__Task item__
Your task is to print each entry exactly as written.
(Source material Opens)
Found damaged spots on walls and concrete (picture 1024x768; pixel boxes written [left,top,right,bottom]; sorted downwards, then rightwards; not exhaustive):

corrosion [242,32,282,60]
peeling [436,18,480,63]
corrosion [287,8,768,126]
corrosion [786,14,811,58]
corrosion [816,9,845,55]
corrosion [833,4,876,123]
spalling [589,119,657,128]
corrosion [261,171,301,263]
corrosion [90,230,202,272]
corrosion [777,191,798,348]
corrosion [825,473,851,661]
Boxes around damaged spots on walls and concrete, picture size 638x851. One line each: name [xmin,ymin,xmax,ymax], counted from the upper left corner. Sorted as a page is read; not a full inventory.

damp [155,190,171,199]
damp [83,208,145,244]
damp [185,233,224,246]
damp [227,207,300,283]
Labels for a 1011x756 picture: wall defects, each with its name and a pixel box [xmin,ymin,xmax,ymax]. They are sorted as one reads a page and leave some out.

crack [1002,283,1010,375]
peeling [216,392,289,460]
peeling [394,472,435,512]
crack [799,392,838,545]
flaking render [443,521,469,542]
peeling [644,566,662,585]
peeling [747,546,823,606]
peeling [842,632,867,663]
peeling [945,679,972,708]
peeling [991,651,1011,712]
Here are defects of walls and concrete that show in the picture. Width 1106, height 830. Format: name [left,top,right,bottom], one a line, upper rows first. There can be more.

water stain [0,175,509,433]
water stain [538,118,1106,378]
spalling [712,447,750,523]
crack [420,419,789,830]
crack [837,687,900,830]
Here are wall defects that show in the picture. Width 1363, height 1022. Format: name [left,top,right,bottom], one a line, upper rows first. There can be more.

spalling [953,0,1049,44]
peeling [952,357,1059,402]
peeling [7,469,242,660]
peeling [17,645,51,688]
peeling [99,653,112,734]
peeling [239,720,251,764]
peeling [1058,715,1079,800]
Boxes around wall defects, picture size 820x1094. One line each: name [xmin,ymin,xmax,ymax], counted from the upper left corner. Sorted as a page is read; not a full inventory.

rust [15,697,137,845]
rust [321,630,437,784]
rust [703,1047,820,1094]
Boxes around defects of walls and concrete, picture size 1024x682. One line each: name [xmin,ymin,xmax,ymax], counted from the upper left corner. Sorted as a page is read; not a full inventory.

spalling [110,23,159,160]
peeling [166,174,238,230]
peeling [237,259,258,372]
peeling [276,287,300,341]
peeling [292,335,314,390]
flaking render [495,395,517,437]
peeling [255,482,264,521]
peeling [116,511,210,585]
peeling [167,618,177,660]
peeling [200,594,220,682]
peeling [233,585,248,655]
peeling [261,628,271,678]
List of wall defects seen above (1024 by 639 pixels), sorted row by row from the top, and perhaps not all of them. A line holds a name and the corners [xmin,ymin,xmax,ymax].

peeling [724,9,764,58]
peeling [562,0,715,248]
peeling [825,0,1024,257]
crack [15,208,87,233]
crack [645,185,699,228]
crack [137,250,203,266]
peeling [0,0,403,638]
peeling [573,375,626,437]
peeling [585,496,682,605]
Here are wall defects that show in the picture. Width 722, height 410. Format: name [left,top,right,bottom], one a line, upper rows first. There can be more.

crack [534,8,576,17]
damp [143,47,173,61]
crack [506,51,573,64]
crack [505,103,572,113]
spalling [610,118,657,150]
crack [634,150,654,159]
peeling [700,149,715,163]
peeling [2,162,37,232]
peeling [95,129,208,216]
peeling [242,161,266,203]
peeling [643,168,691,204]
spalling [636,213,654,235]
(Source material Closes)
__Written solution__
Found damaged spots on walls and concrete (picture 1024x768; pixel boxes written [left,top,right,bottom]; sorted downwards, then rightwards; not exhaustive):

corrosion [242,32,282,60]
peeling [436,18,480,63]
corrosion [287,8,768,126]
corrosion [786,14,811,58]
corrosion [816,9,845,55]
corrosion [833,4,876,123]
spalling [589,119,657,128]
corrosion [261,171,301,263]
corrosion [90,230,202,272]
corrosion [777,191,798,348]
corrosion [825,473,851,661]
Boxes around damaged spots on walls and concrete, picture size 638x851. One line each: name [xmin,ymin,xmax,ymax], counted from the upper left corner. Sorted as a page is read; not a full inventory.

damp [155,190,171,199]
damp [83,208,145,244]
damp [185,233,224,246]
damp [227,207,300,283]
Labels for a 1011x756 picture: wall defects, each with its name and a pixel box [xmin,ymin,xmax,ymax]. They are sorted as one reads a page and leave some out.

crack [1002,283,1010,375]
peeling [216,392,289,460]
peeling [394,472,435,512]
crack [799,392,838,545]
flaking render [443,521,469,542]
peeling [644,566,662,585]
peeling [747,546,823,606]
peeling [842,632,867,663]
peeling [945,679,972,708]
peeling [991,651,1011,712]
Here are defects of walls and concrete that show in the picture. Width 1106, height 830. Format: name [left,top,right,bottom], one a line, upper rows first. There can be more.

water stain [0,175,509,433]
water stain [538,118,1106,378]
spalling [712,447,750,523]
crack [420,419,789,830]
crack [837,687,900,830]
Here are wall defects that show in the picture. Width 1363, height 1022. Format: name [left,top,right,bottom], one a line, upper rows first. There can be more.

spalling [953,0,1049,44]
peeling [952,357,1059,402]
peeling [7,469,242,660]
peeling [17,645,51,688]
peeling [99,653,112,734]
peeling [239,720,251,764]
peeling [1058,715,1079,800]
Boxes around wall defects, picture size 820x1094. One line each: name [xmin,ymin,xmax,ymax], counted from the upper left corner. Sorted as a page is read; not a full inventory.

rust [15,697,137,845]
rust [321,630,437,784]
rust [703,1047,820,1094]
Boxes around defects of walls and concrete, picture size 1024x682. One line each: name [xmin,ymin,xmax,ymax], counted from the upper left corner. Sorted as a page is read; not a full inventory.

spalling [110,23,159,160]
peeling [166,174,238,230]
peeling [237,259,258,372]
peeling [276,287,300,341]
peeling [292,335,314,390]
flaking render [495,395,517,437]
peeling [255,482,264,521]
peeling [116,511,210,585]
peeling [167,618,177,660]
peeling [200,594,220,682]
peeling [233,585,248,655]
peeling [261,628,271,678]
List of wall defects seen above (1024 by 639 pixels), sorted row by row from the top, and perhaps not all of them. A line holds a name and the corners [xmin,ymin,xmax,ymax].

peeling [724,9,764,58]
peeling [562,0,715,248]
peeling [825,0,1024,257]
crack [15,208,87,233]
crack [645,185,699,228]
crack [137,250,203,266]
peeling [0,0,403,638]
peeling [573,375,626,437]
peeling [585,496,682,605]
Here are wall defects that show in the picture. Width 722, height 410. Format: name [left,top,right,bottom], one a line, upper rows first. There can be more.

crack [534,8,576,17]
damp [143,47,173,61]
crack [506,51,573,64]
crack [505,103,572,113]
spalling [610,118,657,150]
crack [634,150,654,159]
peeling [700,149,715,163]
peeling [2,162,37,232]
peeling [95,129,208,216]
peeling [242,161,266,203]
peeling [643,168,691,204]
spalling [636,213,654,235]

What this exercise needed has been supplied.